Kim Seongsoon, Park Donghyeon, Choi Yonghwa, Lee Kyubum, Kim Byounggun, Jeon Minji, Kim Jihye, Tan Aik Choon, Kang Jaewoo
Department of Computer Science and Engineering, College of Informatics, Korea University, Seoul, Republic Of Korea.
Interdisciplinary Graduate Program in Bioinformatics, Korea University, Seoul, Republic Of Korea.
JMIR Med Inform. 2018 Jan 5;6(1):e2. doi: 10.2196/medinform.8751.
With the development of artificial intelligence (AI) technology centered on deep-learning, the computer has evolved to a point where it can read a given text and answer a question based on the context of the text. Such a specific task is known as the task of machine comprehension. Existing machine comprehension tasks mostly use datasets of general texts, such as news articles or elementary school-level storybooks. However, no attempt has been made to determine whether an up-to-date deep learning-based machine comprehension model can also process scientific literature containing expert-level knowledge, especially in the biomedical domain.
This study aims to investigate whether a machine comprehension model can process biomedical articles as well as general texts. Since there is no dataset for the biomedical literature comprehension task, our work includes generating a large-scale question answering dataset using PubMed and manually evaluating the generated dataset.

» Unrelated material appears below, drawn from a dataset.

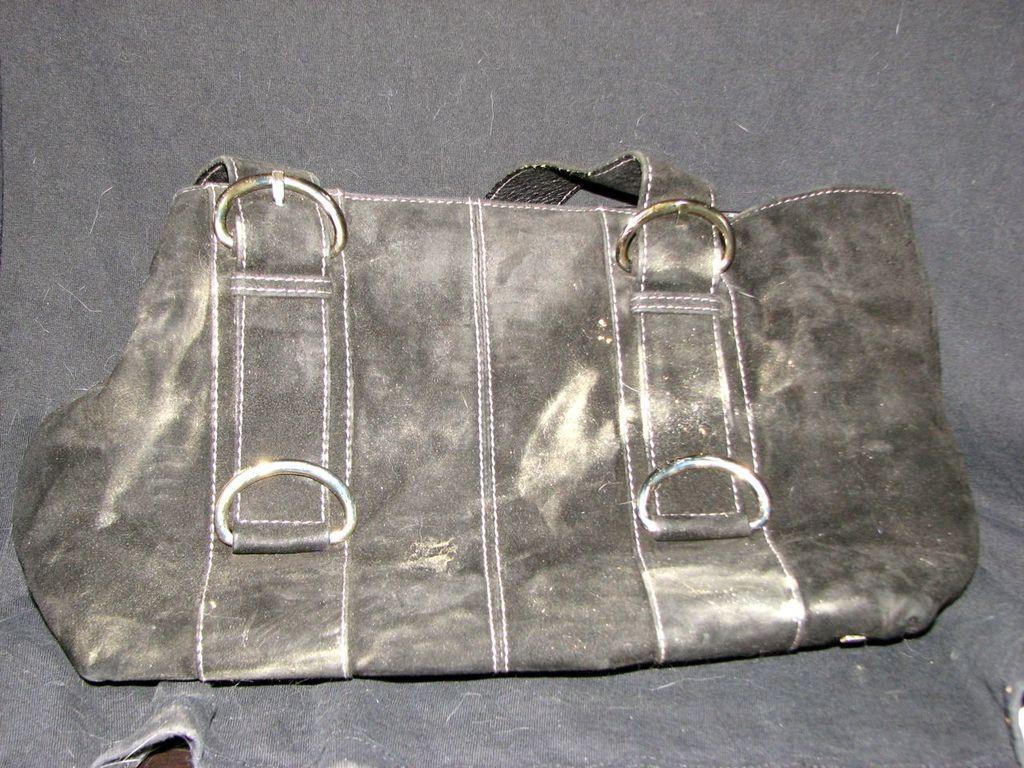What object can be seen in the image? There is a bag in the image. Can you see any airplanes taking off at the airport in the image? There is no airport or airplane visible in the image; it only features a bag. What type of powder is being used to stretch the bag in the image? There is no powder or stretching activity present in the image; it only features a bag.

We present an attention-based deep neural model tailored to the biomedical domain. To further enhance the performance of our model, we used a pretrained word vector and biomedical entity type embedding. We also developed an ensemble method of combining the results of several independent models to reduce the variance of the answers from the models.
The experimental results showed that our proposed deep neural network model outperformed the baseline model by more than 7% on the new dataset. We also evaluated human performance on the new dataset. The human evaluation result showed that our deep neural model outperformed humans in comprehension by 22% on average.

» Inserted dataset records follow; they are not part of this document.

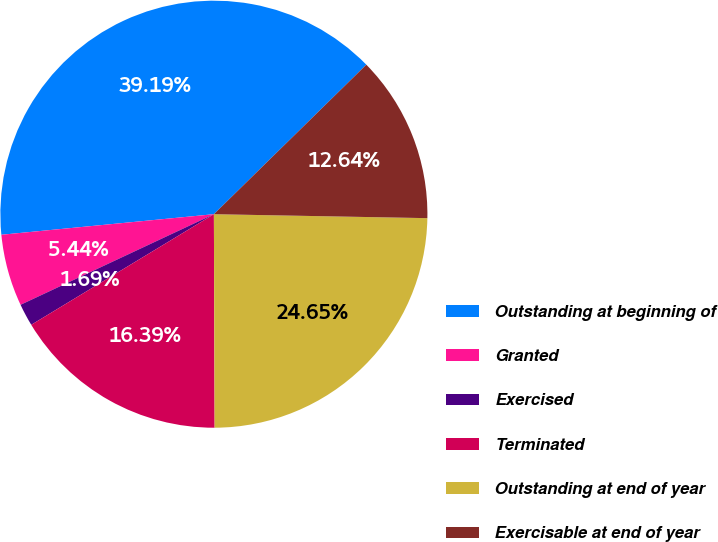<chart> <loc_0><loc_0><loc_500><loc_500><pie_chart><fcel>Outstanding at beginning of<fcel>Granted<fcel>Exercised<fcel>Terminated<fcel>Outstanding at end of year<fcel>Exercisable at end of year<nl><fcel>39.19%<fcel>5.44%<fcel>1.69%<fcel>16.39%<fcel>24.65%<fcel>12.64%<nl></chart> 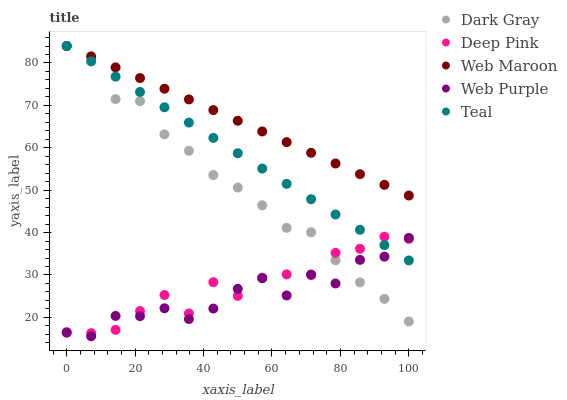Does Web Purple have the minimum area under the curve?
Answer yes or no. Yes. Does Web Maroon have the maximum area under the curve?
Answer yes or no. Yes. Does Deep Pink have the minimum area under the curve?
Answer yes or no. No. Does Deep Pink have the maximum area under the curve?
Answer yes or no. No. Is Web Maroon the smoothest?
Answer yes or no. Yes. Is Web Purple the roughest?
Answer yes or no. Yes. Is Deep Pink the smoothest?
Answer yes or no. No. Is Deep Pink the roughest?
Answer yes or no. No. Does Web Purple have the lowest value?
Answer yes or no. Yes. Does Deep Pink have the lowest value?
Answer yes or no. No. Does Teal have the highest value?
Answer yes or no. Yes. Does Deep Pink have the highest value?
Answer yes or no. No. Is Web Purple less than Web Maroon?
Answer yes or no. Yes. Is Web Maroon greater than Deep Pink?
Answer yes or no. Yes. Does Teal intersect Dark Gray?
Answer yes or no. Yes. Is Teal less than Dark Gray?
Answer yes or no. No. Is Teal greater than Dark Gray?
Answer yes or no. No. Does Web Purple intersect Web Maroon?
Answer yes or no. No.

In this work, we introduced a new task of machine comprehension in the biomedical domain using a deep neural model. Since there was no large-scale dataset for training deep neural models in the biomedical domain, we created the new cloze-style datasets Biomedical Knowledge Comprehension Title (BMKC_T) and Biomedical Knowledge Comprehension Last Sentence (BMKC_LS) (together referred to as BioMedical Knowledge Comprehension) using the PubMed corpus. The experimental results showed that the performance of our model is much higher than that of humans. We observed that our model performed consistently better regardless of the degree of difficulty of a text, whereas humans have difficulty when performing biomedical literature comprehension tasks that require expert level knowledge.
随着以深度学习为核心的人工智能(AI)技术的发展,计算机已经发展到能够读取给定文本并根据文本上下文回答问题的程度。这样的特定任务被称为机器理解任务。现有的机器理解任务大多使用通用文本数据集,如新闻文章或小学水平的故事书。然而,尚未有人尝试确定基于深度学习的最新机器理解模型是否也能处理包含专家级知识的科学文献,尤其是在生物医学领域。

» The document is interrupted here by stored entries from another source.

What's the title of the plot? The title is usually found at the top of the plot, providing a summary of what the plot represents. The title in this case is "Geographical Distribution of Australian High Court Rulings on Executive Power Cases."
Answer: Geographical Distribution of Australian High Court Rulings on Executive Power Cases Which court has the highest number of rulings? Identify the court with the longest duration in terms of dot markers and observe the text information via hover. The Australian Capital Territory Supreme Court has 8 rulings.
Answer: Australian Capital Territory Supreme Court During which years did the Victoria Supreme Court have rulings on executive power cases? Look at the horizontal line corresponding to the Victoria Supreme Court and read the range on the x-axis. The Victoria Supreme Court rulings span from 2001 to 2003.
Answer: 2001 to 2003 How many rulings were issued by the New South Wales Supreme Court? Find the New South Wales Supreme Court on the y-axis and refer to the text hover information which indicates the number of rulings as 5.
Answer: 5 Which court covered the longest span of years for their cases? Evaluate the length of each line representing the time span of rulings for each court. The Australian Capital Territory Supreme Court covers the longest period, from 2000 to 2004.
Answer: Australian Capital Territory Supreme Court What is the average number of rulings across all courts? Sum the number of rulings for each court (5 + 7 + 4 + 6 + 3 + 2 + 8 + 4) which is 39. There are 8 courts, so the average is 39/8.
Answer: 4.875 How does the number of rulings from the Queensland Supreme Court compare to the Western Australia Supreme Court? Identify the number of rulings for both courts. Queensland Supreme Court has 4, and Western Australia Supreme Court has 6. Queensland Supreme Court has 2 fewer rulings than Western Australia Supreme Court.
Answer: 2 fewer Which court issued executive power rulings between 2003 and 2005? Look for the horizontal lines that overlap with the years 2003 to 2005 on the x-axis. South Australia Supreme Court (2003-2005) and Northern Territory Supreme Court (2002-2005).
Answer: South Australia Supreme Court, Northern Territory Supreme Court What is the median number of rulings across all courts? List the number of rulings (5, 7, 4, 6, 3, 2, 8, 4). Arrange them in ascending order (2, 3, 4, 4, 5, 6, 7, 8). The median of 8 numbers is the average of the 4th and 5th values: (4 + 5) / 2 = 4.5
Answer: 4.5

本研究旨在调查机器理解模型是否能够像处理通用文本一样处理生物医学文章。由于没有用于生物医学文献理解任务的数据集,我们的工作包括使用PubMed生成一个大规模问答数据集并对生成的数据集进行人工评估。
我们提出了一种针对生物医学领域量身定制的基于注意力的深度神经模型。为了进一步提高我们模型的性能,我们使用了预训练词向量和生物医学实体类型嵌入。我们还开发了一种将几个独立模型的结果相结合的集成方法,以减少模型答案的方差。
实验结果表明,我们提出的深度神经网络模型在新数据集上比基线模型性能高出7%以上。我们还评估了人类在新数据集上的表现。人工评估结果表明,我们的深度神经模型在理解方面平均比人类高出22%。
在这项工作中,我们使用深度神经模型引入了生物医学领域的一项新的机器理解任务。由于在生物医学领域没有用于训练深度神经模型的大规模数据集,我们使用PubMed语料库创建了新的完形填空式数据集生物医学知识理解标题(BMKC_T)和生物医学知识理解最后一句(BMKC_LS)(统称为生物医学知识理解)。实验结果表明,我们模型的性能远高于人类。我们观察到,无论文本难度如何,我们的模型表现始终更好,而人类在执行需要专家级知识的生物医学文献理解任务时存在困难。